Copy the lines below verbatim, but only from the line containing "Next object: the boot" through the end of the data.

<<<<

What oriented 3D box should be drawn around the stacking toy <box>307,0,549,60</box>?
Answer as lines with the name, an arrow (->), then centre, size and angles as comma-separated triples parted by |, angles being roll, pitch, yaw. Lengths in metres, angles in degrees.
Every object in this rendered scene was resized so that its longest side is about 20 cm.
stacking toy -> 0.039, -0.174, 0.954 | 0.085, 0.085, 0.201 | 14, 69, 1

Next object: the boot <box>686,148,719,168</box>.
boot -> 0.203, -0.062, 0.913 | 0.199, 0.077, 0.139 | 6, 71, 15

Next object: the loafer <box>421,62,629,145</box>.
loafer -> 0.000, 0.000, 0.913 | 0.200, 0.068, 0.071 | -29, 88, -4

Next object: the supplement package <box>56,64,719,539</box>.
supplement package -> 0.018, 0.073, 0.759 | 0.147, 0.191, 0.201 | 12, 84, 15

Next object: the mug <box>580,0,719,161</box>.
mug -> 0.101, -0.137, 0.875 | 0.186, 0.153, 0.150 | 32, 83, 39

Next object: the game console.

>>>>

TASK RESULT
Next object: the boot <box>686,148,719,168</box>.
boot -> 0.203, -0.062, 0.913 | 0.199, 0.077, 0.139 | 6, 71, 15

Next object: the loafer <box>421,62,629,145</box>.
loafer -> 0.000, 0.000, 0.913 | 0.200, 0.068, 0.071 | -29, 88, -4

Next object: the supplement package <box>56,64,719,539</box>.
supplement package -> 0.018, 0.073, 0.759 | 0.147, 0.191, 0.201 | 12, 84, 15

Next object: the mug <box>580,0,719,161</box>.
mug -> 0.101, -0.137, 0.875 | 0.186, 0.153, 0.150 | 32, 83, 39

Next object: the game console.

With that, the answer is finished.